We next investigated the correlation properties of P. falciparum lncRNAs and annotated mRNAs, as positive or negative correlation between lncRNAs and neighboring genes may indicate a regulatory relationship [51, 80, 81]. Specifically, we compared the expression correlation between randomly sampled mRNAs (location-independent null) to that of the following location-dependent gene pairs: (1) annotated mRNAs and their more correlated neighboring mRNA, (2) intergenic lncRNAs and their more correlated neighboring mRNA, and (3) sense-antisense partners. We observed significantly more positively correlated intergenic lncRNA-neighbor pairs and mRNA-neighbor pairs than random mRNA pairs (Wilcoxon rank sum p-value < 2.2e-16 in both cases) [Fig. 3D]. On the other hand, we found that sense-antisense partners exhibited an entirely different expression correlation trend.

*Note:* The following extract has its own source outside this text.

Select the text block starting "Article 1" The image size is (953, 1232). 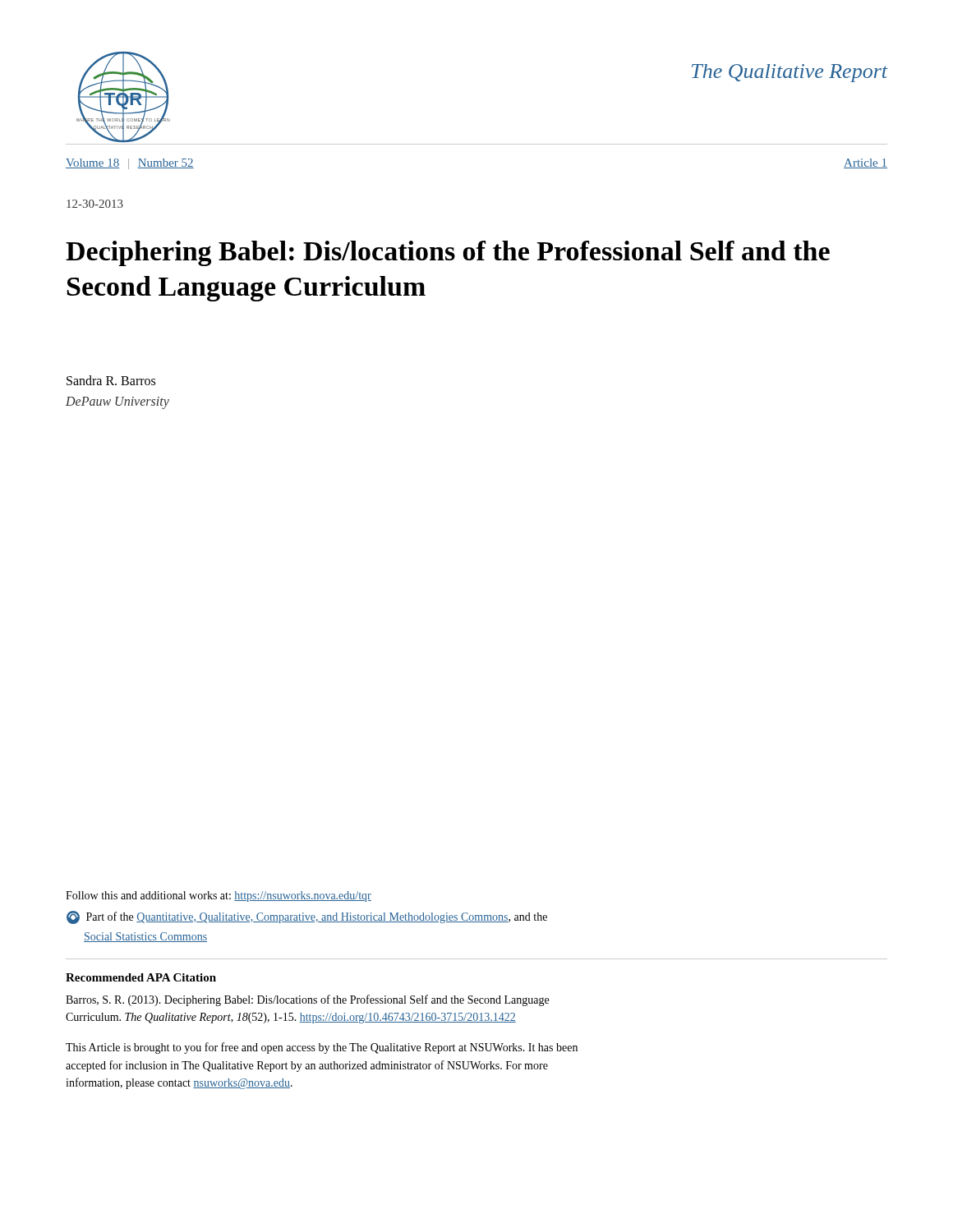pos(866,163)

Namely, we observed significantly more negatively (or anti-) correlated sense-antisense pairs than random mRNA pairs (Wilcoxon rank sum p-value = 3.834e-11) [Fig. 3D].

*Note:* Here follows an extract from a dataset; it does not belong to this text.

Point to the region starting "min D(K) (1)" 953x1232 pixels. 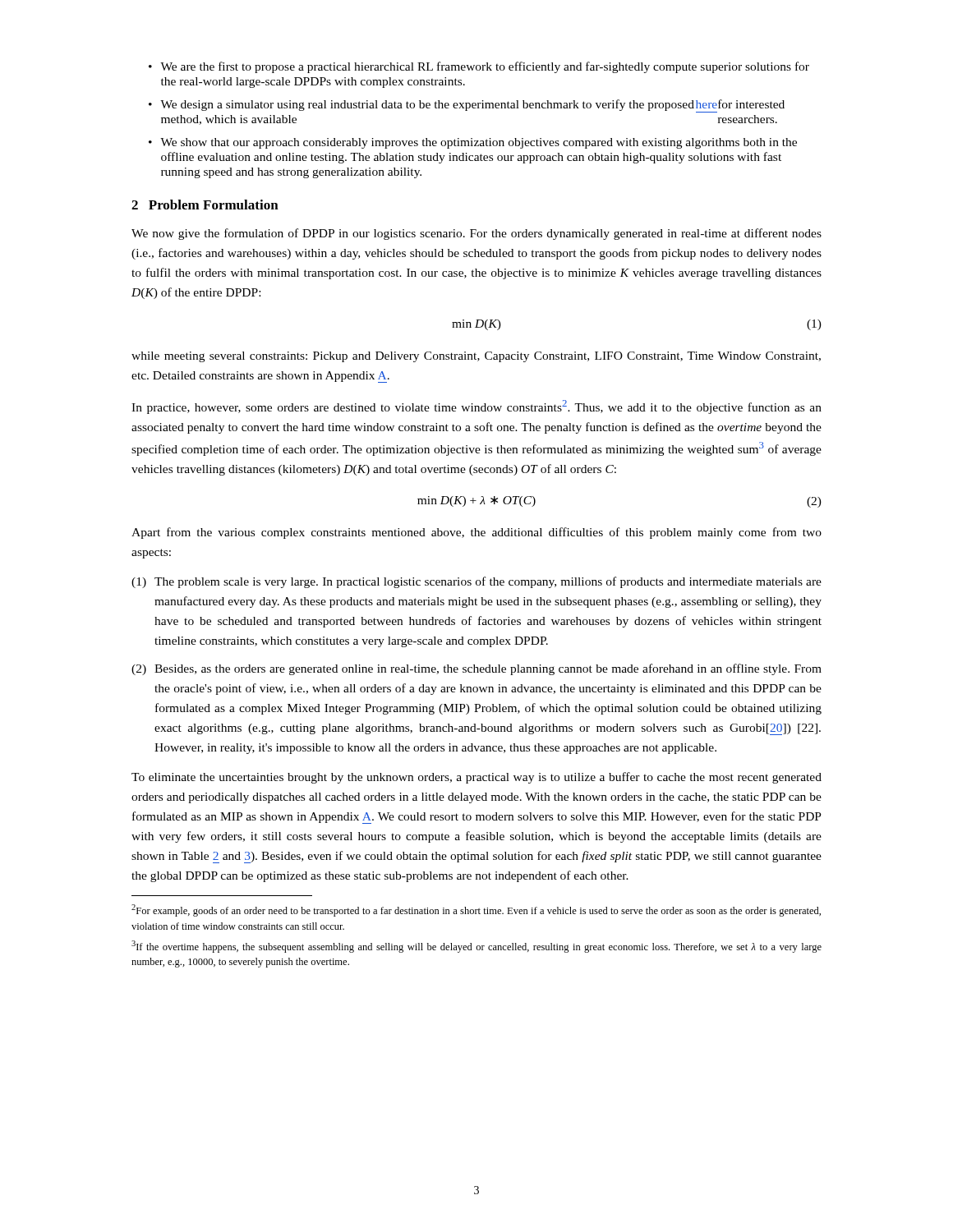click(478, 325)

Interestingly, we found that intergenic lncRNA-neighbor pairs were significantly more positively correlated than mRNA-neighbor pairs (Wilcoxon rank sum p-value < 2.2e-16) [Fig. 3D]. Given this feature, we pursued numerous additional analyses of intergenic lncRNA-neighbors and mRNA-neighbors to explore whether positive correlation may be dependent on orientation and/or genomic distance between neighboring loci. In brief, we found that both lncRNAs and mRNAs had a significantly more correlated neighbor (Wilcoxon signed-rank test p-value < 2.2e-16 for both lncRNAs and mRNAs), that the distance between intergenic lncRNA-neighbor pairs was not particularly indicative of higher correlation (ρ = −.25), and that lncRNAs and mRNAs were located at comparable distances from other annotated mRNAs (1576 bp versus 1585 bp, respectively) [Additional file 20]. In terms of orientation, we found that expression correlation was equally distributed for tandem (− −> / − −>) and divergent (<− − / − −>) intergenic lncRNA-neighbor pairs, although the expression correlation of convergent (− −> / <− −) pairs was similar to background correlation rates of mRNA-neighbor pairs (Wilcoxon rank sum p-value = 0.3607) [Additional file 20]. Taken together, our results indicated that mRNAs, intergenic lncRNAs, and antisense RNAs each have significantly different expression correlation properties with neighboring loci.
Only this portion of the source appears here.